> _Task description_
Copy all records precisely, apart from the pictures.

Entries supplied below:

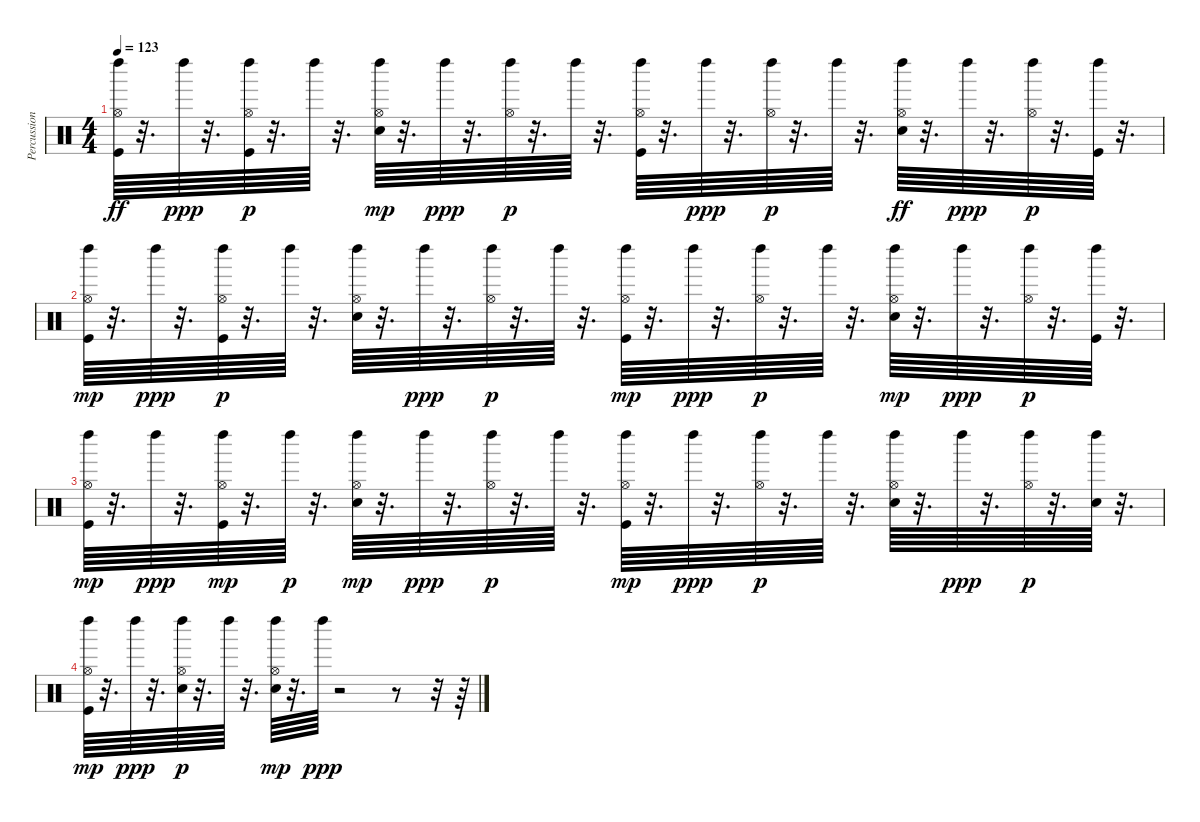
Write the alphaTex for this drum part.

\track ("Percussion" "Percussion") {instrument percussion}
\staff {score}
\articulation defaults
\ts (4 4)
\tempo 123
\clef neutral
\ks c
("Left Maraca (hit)" "Hi-Hat (open)" "Kick (hit)").64{dy ff volume 6} r.32{d} "Left Maraca (hit)".64{dy ppp} r.32{d} ("Kick (hit)" "Hi-Hat (open)" "Left Maraca (hit)").64{dy p volume 5} r.32{d} "Left Maraca (hit)".64 r.32{d} ("Electric Snare (hit)" "Hi-Hat (open)" "Left Maraca (hit)").64{dy mp volume 5} r.32{d} "Left Maraca (hit)".64{dy ppp} r.32{d} ("Left Maraca (hit)" "Hi-Hat (open)").64{dy p volume 5} r.32{d} "Left Maraca (hit)".64 r.32{d} ("Kick (hit)" "Left Maraca (hit)" "Hi-Hat (open)").64{volume 5} r.32{d} "Left Maraca (hit)".64{dy ppp} r.32{d} ("Hi-Hat (open)" "Left Maraca (hit)").64{dy p volume 4} r.32{d} "Left Maraca (hit)".64 r.32{d} ("Left Maraca (hit)" "Hi-Hat (open)" "Electric Snare (hit)").64{dy ff volume 4} r.32{d} "Left Maraca (hit)".64{dy ppp} r.32{d} ("Hi-Hat (open)" "Left Maraca (hit)").64{dy p volume 4} r.32{d} ("Kick (hit)" "Left Maraca (hit)").64 r.32{d} |
("Kick (hit)" "Hi-Hat (open)" "Left Maraca (hit)").64{dy mp volume 4} r.32{d} "Left Maraca (hit)".64{dy ppp} r.32{d} ("Kick (hit)" "Hi-Hat (open)" "Left Maraca (hit)").64{dy p volume 4} r.32{d} "Left Maraca (hit)".64 r.32{d} ("Electric Snare (hit)" "Left Maraca (hit)" "Hi-Hat (open)").64{volume 4} r.32{d} "Left Maraca (hit)".64{dy ppp} r.32{d} ("Hi-Hat (open)" "Left Maraca (hit)").64{dy p volume 3} r.32{d} "Left Maraca (hit)".64 r.32{d} ("Kick (hit)" "Left Maraca (hit)" "Hi-Hat (open)").64{dy mp volume 3} r.32{d} "Left Maraca (hit)".64{dy ppp} r.32{d} ("Hi-Hat (open)" "Left Maraca (hit)").64{dy p volume 3} r.32{d} "Left Maraca (hit)".64 r.32{d} ("Electric Snare (hit)" "Hi-Hat (open)" "Left Maraca (hit)").64{dy mp volume 3} r.32{d} "Left Maraca (hit)".64{dy ppp} r.32{d} ("Left Maraca (hit)" "Hi-Hat (open)").64{dy p volume 2} r.32{d} ("Kick (hit)" "Left Maraca (hit)").64 r.32{d} |
("Kick (hit)" "Hi-Hat (open)" "Left Maraca (hit)").64{dy mp volume 2} r.32{d} "Left Maraca (hit)".64{dy ppp} r.32{d} ("Left Maraca (hit)" "Hi-Hat (open)" "Kick (hit)").64{dy mp volume 2} r.32{d} "Left Maraca (hit)".64{dy p} r.32{d} ("Electric Snare (hit)" "Hi-Hat (open)" "Left Maraca (hit)").64{dy mp volume 2} r.32{d} "Left Maraca (hit)".64{dy ppp} r.32{d} ("Hi-Hat (open)" "Left Maraca (hit)").64{dy p volume 2} r.32{d} "Left Maraca (hit)".64 r.32{d} ("Kick (hit)" "Hi-Hat (open)" "Left Maraca (hit)").64{dy mp volume 1} r.32{d} "Left Maraca (hit)".64{dy ppp} r.32{d} ("Hi-Hat (open)" "Left Maraca (hit)").64{dy p volume 1} r.32{d} "Left Maraca (hit)".64 r.32{d} ("Electric Snare (hit)" "Left Maraca (hit)" "Hi-Hat (open)").64{volume 1} r.32{d} "Left Maraca (hit)".64{dy ppp} r.32{d} ("Hi-Hat (open)" "Left Maraca (hit)").64{dy p volume 1} r.32{d} ("Electric Snare (hit)" "Left Maraca (hit)").64 r.32{d} |
("Kick (hit)" "Hi-Hat (open)" "Left Maraca (hit)").64{dy mp volume 1} r.32{d} "Left Maraca (hit)".64{dy ppp} r.32{d} ("Electric Snare (hit)" "Hi-Hat (open)" "Left Maraca (hit)").64{dy p volume 0} r.32{d} "Left Maraca (hit)".64 r.32{d} ("Electric Snare (hit)" "Hi-Hat (open)" "Left Maraca (hit)").64{dy mp volume 0} r.32{d} "Left Maraca (hit)".64{dy ppp} r.2 r.8 r.32 r.64

End of Entries supplied.

> _Task result_
Write the alphaTex for this drum part.

\track ("Percussion" "Percussion") {instrument percussion}
\staff {score}
\articulation defaults
\ts (4 4)
\tempo 123
\clef neutral
\ks c
("Left Maraca (hit)" "Hi-Hat (open)" "Kick (hit)").64{dy ff volume 6} r.32{d} "Left Maraca (hit)".64{dy ppp} r.32{d} ("Kick (hit)" "Hi-Hat (open)" "Left Maraca (hit)").64{dy p volume 5} r.32{d} "Left Maraca (hit)".64 r.32{d} ("Electric Snare (hit)" "Hi-Hat (open)" "Left Maraca (hit)").64{dy mp volume 5} r.32{d} "Left Maraca (hit)".64{dy ppp} r.32{d} ("Left Maraca (hit)" "Hi-Hat (open)").64{dy p volume 5} r.32{d} "Left Maraca (hit)".64 r.32{d} ("Kick (hit)" "Left Maraca (hit)" "Hi-Hat (open)").64{volume 5} r.32{d} "Left Maraca (hit)".64{dy ppp} r.32{d} ("Hi-Hat (open)" "Left Maraca (hit)").64{dy p volume 4} r.32{d} "Left Maraca (hit)".64 r.32{d} ("Left Maraca (hit)" "Hi-Hat (open)" "Electric Snare (hit)").64{dy ff volume 4} r.32{d} "Left Maraca (hit)".64{dy ppp} r.32{d} ("Hi-Hat (open)" "Left Maraca (hit)").64{dy p volume 4} r.32{d} ("Kick (hit)" "Left Maraca (hit)").64 r.32{d} |
("Kick (hit)" "Hi-Hat (open)" "Left Maraca (hit)").64{dy mp volume 4} r.32{d} "Left Maraca (hit)".64{dy ppp} r.32{d} ("Kick (hit)" "Hi-Hat (open)" "Left Maraca (hit)").64{dy p volume 4} r.32{d} "Left Maraca (hit)".64 r.32{d} ("Electric Snare (hit)" "Left Maraca (hit)" "Hi-Hat (open)").64{volume 4} r.32{d} "Left Maraca (hit)".64{dy ppp} r.32{d} ("Hi-Hat (open)" "Left Maraca (hit)").64{dy p volume 3} r.32{d} "Left Maraca (hit)".64 r.32{d} ("Kick (hit)" "Left Maraca (hit)" "Hi-Hat (open)").64{dy mp volume 3} r.32{d} "Left Maraca (hit)".64{dy ppp} r.32{d} ("Hi-Hat (open)" "Left Maraca (hit)").64{dy p volume 3} r.32{d} "Left Maraca (hit)".64 r.32{d} ("Electric Snare (hit)" "Hi-Hat (open)" "Left Maraca (hit)").64{dy mp volume 3} r.32{d} "Left Maraca (hit)".64{dy ppp} r.32{d} ("Left Maraca (hit)" "Hi-Hat (open)").64{dy p volume 2} r.32{d} ("Kick (hit)" "Left Maraca (hit)").64 r.32{d} |
("Kick (hit)" "Hi-Hat (open)" "Left Maraca (hit)").64{dy mp volume 2} r.32{d} "Left Maraca (hit)".64{dy ppp} r.32{d} ("Left Maraca (hit)" "Hi-Hat (open)" "Kick (hit)").64{dy mp volume 2} r.32{d} "Left Maraca (hit)".64{dy p} r.32{d} ("Electric Snare (hit)" "Hi-Hat (open)" "Left Maraca (hit)").64{dy mp volume 2} r.32{d} "Left Maraca (hit)".64{dy ppp} r.32{d} ("Hi-Hat (open)" "Left Maraca (hit)").64{dy p volume 2} r.32{d} "Left Maraca (hit)".64 r.32{d} ("Kick (hit)" "Hi-Hat (open)" "Left Maraca (hit)").64{dy mp volume 1} r.32{d} "Left Maraca (hit)".64{dy ppp} r.32{d} ("Hi-Hat (open)" "Left Maraca (hit)").64{dy p volume 1} r.32{d} "Left Maraca (hit)".64 r.32{d} ("Electric Snare (hit)" "Left Maraca (hit)" "Hi-Hat (open)").64{volume 1} r.32{d} "Left Maraca (hit)".64{dy ppp} r.32{d} ("Hi-Hat (open)" "Left Maraca (hit)").64{dy p volume 1} r.32{d} ("Electric Snare (hit)" "Left Maraca (hit)").64 r.32{d} |
("Kick (hit)" "Hi-Hat (open)" "Left Maraca (hit)").64{dy mp volume 1} r.32{d} "Left Maraca (hit)".64{dy ppp} r.32{d} ("Electric Snare (hit)" "Hi-Hat (open)" "Left Maraca (hit)").64{dy p volume 0} r.32{d} "Left Maraca (hit)".64 r.32{d} ("Electric Snare (hit)" "Hi-Hat (open)" "Left Maraca (hit)").64{dy mp volume 0} r.32{d} "Left Maraca (hit)".64{dy ppp} r.2 r.8 r.32 r.64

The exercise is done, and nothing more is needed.